We note that other investigators have failed to identify population-wide resistance in influenza virus populations exposed to lethal mutagens. In a recent study, a ribavirin resistance variant (PB1 V43I in influenza A/Wuhan/359/95 virus [H3N2]) was identified only in a plaque reduction assay and subsequent screening of 182 plaques (45). Additionally, passaging influenza virus in the mutagen favipiravir did not cause the viral population to become resistant (46). Ribavirin has also been demonstrated to suppress resistance to conventional anti-influenza drugs when used in combination (67). Each of these examples, along with our results, suggests that an increased mutational burden reduces the potential for high-level resistance within an influenza virus population.

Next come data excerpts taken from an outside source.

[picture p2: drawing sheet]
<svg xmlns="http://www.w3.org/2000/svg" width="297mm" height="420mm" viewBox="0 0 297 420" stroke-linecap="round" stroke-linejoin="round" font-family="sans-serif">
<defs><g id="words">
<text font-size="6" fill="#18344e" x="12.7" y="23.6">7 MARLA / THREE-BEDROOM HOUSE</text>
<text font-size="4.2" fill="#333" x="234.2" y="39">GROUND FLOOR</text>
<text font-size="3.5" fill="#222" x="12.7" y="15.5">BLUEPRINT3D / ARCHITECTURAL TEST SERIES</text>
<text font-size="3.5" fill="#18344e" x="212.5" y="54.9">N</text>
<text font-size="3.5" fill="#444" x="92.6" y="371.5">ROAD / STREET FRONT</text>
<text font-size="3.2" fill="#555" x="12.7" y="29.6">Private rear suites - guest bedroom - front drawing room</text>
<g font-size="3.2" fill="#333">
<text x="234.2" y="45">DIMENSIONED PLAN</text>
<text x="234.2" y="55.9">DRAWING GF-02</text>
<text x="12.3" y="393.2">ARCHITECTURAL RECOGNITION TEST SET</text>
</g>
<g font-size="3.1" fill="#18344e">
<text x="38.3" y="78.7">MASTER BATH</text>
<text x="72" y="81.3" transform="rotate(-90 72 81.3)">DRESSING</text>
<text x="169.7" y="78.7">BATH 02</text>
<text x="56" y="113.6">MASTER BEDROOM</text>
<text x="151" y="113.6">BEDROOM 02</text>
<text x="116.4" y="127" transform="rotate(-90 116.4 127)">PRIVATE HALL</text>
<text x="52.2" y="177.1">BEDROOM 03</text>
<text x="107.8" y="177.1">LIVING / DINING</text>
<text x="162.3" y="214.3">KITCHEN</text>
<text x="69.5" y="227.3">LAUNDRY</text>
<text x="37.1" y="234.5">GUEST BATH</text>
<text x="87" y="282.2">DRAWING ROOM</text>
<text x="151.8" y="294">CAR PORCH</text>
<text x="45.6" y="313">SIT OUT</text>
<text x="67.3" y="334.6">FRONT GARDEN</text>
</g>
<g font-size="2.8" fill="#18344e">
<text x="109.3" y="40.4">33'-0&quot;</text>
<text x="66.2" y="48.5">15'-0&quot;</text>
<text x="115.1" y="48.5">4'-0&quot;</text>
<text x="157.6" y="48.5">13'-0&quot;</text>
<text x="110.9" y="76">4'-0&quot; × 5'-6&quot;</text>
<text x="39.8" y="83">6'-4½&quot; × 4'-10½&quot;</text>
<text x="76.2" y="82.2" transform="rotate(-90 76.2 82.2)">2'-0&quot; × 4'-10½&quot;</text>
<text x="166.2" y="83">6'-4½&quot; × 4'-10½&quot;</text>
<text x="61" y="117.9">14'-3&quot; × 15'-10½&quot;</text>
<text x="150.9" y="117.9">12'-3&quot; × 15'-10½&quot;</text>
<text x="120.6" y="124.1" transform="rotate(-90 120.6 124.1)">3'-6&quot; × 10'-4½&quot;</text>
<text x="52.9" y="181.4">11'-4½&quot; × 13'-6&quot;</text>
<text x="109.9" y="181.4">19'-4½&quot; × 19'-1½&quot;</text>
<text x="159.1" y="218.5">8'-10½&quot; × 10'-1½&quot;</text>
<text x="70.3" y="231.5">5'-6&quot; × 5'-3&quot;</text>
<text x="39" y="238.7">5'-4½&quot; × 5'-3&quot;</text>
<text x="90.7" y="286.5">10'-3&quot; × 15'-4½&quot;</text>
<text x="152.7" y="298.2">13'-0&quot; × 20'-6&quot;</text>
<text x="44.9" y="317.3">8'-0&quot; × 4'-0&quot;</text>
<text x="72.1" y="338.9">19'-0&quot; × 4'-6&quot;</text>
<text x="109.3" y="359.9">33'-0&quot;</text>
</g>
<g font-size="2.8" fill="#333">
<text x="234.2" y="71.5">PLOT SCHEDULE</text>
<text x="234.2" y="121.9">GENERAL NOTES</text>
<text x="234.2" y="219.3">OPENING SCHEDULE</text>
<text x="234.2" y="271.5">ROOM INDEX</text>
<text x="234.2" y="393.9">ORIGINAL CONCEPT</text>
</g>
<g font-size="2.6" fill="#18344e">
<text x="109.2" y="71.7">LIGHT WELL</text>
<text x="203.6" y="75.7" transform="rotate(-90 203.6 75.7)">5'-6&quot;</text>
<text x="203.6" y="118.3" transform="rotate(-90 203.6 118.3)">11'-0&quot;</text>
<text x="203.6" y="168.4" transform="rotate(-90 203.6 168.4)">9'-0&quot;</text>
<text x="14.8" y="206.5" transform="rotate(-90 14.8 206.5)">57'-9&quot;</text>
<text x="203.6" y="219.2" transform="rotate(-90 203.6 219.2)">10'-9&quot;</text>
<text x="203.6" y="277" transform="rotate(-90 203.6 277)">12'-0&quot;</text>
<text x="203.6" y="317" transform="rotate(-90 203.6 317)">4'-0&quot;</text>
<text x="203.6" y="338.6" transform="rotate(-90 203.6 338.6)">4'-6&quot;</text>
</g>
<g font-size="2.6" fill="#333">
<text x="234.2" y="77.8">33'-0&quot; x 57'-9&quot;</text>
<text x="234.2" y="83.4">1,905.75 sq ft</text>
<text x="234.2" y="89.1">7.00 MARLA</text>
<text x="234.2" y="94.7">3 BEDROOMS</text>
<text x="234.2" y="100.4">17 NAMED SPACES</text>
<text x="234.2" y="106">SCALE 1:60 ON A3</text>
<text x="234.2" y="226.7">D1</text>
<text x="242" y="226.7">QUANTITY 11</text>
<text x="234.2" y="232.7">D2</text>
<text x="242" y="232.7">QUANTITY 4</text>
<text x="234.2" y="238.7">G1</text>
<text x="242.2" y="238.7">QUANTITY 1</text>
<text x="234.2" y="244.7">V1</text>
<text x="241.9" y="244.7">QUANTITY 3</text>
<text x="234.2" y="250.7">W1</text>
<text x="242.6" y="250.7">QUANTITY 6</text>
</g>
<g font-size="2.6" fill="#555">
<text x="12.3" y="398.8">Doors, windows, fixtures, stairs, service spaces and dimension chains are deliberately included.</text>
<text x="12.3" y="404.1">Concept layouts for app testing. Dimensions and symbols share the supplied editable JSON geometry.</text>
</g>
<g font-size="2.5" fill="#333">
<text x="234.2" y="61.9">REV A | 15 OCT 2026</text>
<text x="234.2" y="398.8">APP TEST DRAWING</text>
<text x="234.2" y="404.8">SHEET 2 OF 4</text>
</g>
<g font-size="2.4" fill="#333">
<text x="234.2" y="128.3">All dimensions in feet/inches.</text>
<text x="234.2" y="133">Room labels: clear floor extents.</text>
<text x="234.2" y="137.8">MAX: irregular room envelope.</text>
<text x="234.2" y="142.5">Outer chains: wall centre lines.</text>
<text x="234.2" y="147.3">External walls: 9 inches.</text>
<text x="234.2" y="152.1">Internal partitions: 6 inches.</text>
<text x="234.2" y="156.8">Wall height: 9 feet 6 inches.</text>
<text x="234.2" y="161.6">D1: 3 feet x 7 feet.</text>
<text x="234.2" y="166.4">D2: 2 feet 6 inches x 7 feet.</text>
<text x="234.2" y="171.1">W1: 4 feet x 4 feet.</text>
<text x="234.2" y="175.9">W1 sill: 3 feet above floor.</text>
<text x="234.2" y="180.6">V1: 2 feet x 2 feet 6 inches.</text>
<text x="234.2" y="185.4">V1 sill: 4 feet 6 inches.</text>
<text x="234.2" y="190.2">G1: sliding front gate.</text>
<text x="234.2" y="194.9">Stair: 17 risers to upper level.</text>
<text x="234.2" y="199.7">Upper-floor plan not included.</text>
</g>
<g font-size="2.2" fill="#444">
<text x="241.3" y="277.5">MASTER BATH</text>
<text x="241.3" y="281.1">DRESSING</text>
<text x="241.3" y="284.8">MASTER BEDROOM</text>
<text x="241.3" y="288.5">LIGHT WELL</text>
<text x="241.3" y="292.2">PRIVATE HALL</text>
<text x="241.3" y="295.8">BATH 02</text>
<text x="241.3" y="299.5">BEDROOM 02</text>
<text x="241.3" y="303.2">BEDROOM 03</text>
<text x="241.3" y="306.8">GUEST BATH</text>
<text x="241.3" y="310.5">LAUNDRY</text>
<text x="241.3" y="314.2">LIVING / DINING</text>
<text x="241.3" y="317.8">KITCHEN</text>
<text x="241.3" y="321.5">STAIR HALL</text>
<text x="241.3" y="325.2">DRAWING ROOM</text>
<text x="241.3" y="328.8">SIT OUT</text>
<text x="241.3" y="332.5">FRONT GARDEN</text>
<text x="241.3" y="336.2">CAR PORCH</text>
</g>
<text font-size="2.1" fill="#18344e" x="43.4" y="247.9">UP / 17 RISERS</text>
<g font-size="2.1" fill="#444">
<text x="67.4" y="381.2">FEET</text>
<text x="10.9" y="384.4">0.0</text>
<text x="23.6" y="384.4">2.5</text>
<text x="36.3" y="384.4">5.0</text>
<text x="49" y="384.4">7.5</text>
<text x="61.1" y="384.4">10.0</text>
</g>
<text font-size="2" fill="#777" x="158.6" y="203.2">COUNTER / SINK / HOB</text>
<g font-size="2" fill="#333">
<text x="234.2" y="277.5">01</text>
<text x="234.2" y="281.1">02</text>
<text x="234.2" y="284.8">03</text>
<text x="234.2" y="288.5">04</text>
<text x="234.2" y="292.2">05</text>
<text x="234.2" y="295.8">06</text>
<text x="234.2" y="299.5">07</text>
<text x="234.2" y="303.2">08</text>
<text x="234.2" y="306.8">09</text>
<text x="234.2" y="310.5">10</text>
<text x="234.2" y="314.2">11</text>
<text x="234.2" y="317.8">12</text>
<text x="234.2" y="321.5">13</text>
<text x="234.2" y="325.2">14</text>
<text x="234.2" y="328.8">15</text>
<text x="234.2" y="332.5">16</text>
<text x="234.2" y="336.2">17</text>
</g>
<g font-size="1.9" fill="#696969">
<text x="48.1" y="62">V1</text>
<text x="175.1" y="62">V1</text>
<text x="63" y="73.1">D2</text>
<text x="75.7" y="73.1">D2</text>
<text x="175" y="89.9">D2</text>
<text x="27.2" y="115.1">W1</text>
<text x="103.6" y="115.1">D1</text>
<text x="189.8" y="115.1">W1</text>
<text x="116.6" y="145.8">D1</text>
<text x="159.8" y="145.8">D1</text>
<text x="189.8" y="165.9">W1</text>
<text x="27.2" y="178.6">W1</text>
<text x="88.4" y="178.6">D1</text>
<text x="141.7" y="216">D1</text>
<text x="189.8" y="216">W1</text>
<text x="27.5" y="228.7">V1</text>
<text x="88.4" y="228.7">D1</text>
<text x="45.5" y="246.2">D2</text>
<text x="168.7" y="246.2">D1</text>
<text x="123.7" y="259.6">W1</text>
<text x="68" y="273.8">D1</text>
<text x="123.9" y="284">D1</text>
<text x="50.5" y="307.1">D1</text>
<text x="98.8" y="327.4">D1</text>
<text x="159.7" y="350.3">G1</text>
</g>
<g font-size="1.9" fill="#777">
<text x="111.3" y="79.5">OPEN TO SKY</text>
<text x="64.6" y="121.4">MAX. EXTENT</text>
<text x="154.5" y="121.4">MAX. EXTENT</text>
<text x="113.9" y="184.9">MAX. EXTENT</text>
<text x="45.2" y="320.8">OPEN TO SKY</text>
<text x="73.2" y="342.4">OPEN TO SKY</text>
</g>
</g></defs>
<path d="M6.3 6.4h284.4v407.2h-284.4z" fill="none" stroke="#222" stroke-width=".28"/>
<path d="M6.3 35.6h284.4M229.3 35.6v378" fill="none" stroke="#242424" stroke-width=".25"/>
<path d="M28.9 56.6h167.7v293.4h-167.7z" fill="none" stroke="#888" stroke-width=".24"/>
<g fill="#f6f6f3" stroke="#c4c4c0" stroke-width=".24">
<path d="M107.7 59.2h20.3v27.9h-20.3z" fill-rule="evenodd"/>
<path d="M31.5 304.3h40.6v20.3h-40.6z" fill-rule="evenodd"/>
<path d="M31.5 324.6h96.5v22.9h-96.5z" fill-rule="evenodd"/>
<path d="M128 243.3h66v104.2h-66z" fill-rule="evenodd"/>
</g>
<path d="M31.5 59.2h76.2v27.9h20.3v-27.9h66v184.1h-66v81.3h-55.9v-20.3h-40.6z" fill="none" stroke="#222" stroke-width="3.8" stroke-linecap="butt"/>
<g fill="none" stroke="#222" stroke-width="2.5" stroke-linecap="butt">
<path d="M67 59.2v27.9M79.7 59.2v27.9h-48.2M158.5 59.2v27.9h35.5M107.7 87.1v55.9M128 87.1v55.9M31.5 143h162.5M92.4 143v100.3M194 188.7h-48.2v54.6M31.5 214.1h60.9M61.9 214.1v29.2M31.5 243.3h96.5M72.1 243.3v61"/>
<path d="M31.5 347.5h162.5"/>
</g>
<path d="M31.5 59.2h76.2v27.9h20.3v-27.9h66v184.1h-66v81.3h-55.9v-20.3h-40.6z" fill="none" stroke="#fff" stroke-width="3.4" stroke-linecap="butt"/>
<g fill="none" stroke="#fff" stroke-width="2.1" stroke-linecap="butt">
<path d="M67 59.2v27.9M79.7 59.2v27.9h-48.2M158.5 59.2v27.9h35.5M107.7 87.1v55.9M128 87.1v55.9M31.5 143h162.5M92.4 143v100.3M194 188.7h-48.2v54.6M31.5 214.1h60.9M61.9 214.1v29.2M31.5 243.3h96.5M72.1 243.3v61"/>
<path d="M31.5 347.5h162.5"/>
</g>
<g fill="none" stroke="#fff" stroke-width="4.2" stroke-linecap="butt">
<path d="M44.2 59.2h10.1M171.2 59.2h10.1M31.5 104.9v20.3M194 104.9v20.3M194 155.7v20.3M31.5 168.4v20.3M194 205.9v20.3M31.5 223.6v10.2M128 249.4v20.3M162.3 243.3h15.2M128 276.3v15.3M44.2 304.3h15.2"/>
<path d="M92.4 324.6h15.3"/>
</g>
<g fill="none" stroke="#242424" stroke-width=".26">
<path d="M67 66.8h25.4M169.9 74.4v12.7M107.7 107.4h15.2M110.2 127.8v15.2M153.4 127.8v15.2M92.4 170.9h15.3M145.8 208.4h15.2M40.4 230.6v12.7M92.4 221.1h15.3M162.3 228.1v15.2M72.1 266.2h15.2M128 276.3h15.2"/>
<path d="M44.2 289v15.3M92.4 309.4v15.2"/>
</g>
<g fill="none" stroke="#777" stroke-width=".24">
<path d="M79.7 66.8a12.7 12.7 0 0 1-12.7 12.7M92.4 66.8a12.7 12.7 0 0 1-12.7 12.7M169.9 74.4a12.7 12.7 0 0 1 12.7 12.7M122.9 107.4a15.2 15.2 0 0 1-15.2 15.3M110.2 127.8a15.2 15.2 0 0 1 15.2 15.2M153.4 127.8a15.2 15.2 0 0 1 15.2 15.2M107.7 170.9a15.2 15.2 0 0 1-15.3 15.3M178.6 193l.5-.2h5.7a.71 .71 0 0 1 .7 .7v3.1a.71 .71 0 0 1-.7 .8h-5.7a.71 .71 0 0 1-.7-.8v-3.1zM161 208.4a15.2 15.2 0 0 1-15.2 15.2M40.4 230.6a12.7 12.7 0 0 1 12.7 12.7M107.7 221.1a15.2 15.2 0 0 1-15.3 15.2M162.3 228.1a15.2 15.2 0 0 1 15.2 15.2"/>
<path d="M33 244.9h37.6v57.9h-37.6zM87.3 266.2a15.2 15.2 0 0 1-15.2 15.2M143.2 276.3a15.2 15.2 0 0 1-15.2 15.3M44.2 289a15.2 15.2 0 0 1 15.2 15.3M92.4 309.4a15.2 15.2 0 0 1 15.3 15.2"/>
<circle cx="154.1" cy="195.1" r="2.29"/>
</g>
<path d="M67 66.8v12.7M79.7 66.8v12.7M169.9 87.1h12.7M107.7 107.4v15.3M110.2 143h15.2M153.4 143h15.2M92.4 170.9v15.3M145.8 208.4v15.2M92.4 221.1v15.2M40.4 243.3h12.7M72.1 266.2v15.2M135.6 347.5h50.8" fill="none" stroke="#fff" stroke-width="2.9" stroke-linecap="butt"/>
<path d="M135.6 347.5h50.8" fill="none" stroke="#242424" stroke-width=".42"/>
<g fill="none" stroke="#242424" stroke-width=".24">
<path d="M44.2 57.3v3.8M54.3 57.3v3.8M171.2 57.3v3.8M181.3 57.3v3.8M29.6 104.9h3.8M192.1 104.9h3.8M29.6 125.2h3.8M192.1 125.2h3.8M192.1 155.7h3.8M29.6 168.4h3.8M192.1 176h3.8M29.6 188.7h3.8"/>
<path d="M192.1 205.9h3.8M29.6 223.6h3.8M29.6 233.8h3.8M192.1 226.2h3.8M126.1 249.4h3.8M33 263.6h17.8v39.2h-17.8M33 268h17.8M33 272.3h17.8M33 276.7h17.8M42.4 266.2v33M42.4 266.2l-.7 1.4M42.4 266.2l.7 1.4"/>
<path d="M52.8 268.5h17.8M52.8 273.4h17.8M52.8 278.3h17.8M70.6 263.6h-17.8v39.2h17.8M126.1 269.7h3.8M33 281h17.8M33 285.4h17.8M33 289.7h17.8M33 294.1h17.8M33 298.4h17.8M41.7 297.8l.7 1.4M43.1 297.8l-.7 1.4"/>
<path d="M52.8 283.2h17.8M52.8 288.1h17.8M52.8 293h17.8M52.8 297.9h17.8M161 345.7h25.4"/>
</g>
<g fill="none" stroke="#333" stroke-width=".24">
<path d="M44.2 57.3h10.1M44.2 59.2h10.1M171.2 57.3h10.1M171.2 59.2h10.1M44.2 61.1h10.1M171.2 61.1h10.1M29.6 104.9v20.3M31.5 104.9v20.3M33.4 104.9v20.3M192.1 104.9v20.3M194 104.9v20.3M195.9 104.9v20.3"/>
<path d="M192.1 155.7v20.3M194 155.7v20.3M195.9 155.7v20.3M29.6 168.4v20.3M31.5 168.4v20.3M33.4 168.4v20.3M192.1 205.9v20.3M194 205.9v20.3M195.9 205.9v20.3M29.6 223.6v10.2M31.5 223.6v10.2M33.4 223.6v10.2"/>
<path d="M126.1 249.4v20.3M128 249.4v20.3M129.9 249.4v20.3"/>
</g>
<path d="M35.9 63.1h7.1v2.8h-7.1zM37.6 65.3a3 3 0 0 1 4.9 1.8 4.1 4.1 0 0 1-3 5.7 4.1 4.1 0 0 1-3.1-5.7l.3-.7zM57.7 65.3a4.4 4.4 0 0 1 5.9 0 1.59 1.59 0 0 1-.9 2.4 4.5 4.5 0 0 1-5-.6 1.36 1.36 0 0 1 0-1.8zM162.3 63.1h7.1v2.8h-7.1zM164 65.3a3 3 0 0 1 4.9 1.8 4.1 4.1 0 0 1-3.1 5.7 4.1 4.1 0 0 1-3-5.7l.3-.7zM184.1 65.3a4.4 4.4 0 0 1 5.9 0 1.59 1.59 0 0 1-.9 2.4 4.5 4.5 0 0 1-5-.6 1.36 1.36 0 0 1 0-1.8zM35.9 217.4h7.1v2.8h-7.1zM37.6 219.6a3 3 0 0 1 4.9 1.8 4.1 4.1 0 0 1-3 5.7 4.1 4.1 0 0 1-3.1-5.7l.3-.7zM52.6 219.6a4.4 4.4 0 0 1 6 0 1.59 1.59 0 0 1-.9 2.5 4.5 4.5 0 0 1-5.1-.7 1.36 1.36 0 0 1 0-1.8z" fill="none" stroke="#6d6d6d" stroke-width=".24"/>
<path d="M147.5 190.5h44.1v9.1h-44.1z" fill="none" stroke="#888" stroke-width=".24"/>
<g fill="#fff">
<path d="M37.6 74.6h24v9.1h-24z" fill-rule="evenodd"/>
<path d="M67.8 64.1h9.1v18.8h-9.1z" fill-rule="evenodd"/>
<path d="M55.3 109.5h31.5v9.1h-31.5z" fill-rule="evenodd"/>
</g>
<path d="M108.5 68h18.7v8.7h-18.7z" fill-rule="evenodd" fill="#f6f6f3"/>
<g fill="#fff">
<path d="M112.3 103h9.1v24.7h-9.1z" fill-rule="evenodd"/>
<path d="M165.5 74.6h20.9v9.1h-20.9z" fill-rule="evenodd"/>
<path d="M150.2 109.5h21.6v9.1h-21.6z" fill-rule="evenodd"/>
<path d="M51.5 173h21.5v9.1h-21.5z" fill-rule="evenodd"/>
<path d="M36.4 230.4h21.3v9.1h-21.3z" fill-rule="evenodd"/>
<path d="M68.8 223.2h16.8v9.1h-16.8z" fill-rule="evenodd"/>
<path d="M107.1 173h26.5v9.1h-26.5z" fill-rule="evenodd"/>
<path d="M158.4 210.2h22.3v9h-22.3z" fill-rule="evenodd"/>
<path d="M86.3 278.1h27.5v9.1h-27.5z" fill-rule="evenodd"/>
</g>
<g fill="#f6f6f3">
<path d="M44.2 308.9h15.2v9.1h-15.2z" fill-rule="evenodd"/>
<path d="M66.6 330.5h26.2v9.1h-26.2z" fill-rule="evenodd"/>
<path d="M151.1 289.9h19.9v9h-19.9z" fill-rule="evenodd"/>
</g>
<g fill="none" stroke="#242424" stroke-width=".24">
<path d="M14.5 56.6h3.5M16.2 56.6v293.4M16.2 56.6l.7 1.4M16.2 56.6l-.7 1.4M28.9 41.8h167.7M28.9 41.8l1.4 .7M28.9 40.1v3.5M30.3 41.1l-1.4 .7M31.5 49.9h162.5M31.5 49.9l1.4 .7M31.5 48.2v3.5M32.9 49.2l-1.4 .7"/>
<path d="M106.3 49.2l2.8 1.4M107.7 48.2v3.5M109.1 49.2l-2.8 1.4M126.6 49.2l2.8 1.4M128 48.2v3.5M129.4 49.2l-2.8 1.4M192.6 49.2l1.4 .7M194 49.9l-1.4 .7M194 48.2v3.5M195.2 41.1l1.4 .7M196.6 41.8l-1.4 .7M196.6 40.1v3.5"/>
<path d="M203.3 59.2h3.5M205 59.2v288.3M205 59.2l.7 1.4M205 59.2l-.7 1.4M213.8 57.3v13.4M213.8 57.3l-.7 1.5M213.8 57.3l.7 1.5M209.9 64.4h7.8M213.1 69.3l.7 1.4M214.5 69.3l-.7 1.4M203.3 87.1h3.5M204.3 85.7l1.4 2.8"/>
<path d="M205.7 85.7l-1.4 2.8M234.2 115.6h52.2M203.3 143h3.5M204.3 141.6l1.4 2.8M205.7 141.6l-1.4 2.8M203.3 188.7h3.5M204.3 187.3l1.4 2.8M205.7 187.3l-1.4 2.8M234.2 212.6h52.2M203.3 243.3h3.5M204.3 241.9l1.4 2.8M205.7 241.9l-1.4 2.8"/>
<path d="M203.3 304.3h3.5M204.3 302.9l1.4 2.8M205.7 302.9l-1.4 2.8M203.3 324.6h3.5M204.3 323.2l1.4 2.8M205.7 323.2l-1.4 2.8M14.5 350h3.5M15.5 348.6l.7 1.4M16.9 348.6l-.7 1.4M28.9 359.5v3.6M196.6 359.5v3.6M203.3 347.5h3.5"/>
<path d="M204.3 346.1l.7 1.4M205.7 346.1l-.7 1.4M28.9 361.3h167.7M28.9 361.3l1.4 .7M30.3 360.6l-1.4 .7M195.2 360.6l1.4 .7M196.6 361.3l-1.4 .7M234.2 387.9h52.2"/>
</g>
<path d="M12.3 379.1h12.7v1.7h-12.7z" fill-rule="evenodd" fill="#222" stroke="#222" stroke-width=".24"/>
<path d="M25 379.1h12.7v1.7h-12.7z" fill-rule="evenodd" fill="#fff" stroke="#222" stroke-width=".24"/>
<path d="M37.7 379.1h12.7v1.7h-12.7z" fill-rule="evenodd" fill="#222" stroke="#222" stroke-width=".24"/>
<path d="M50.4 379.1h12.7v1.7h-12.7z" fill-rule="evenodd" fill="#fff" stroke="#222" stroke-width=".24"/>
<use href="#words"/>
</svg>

Our study reinforces the attractiveness of lethal mutagenesis as an antiviral strategy. We have demonstrated that three nucleoside analogs, which each induce different types of mutations, can function as lethal mutagens of influenza virus. Our data suggest that segmented, negative-stranded RNA viruses may have a higher barrier to resistance to this class of antiviral due to the impact of lethal defection. Influenza virus is now one of several viruses that have been shown to be sensitive to drugs that are capable of inducing lethal mutagenesis. The fact that favipiravir, which is currently in clinical trials as an influenza therapy, also functions as a lethal mutagen suggests the clinical relevance of this strategy. Current drawbacks to using nucleoside analogs clinically as antivirals are off-target effects and their relatively low potency (27, 56, 57). If novel mutagenic nucleoside analogs that overcome these hurdles can be identified, lethal mutagenesis may emerge as an effective strategy for treating a broad spectrum of RNA viruses, including influenza virus.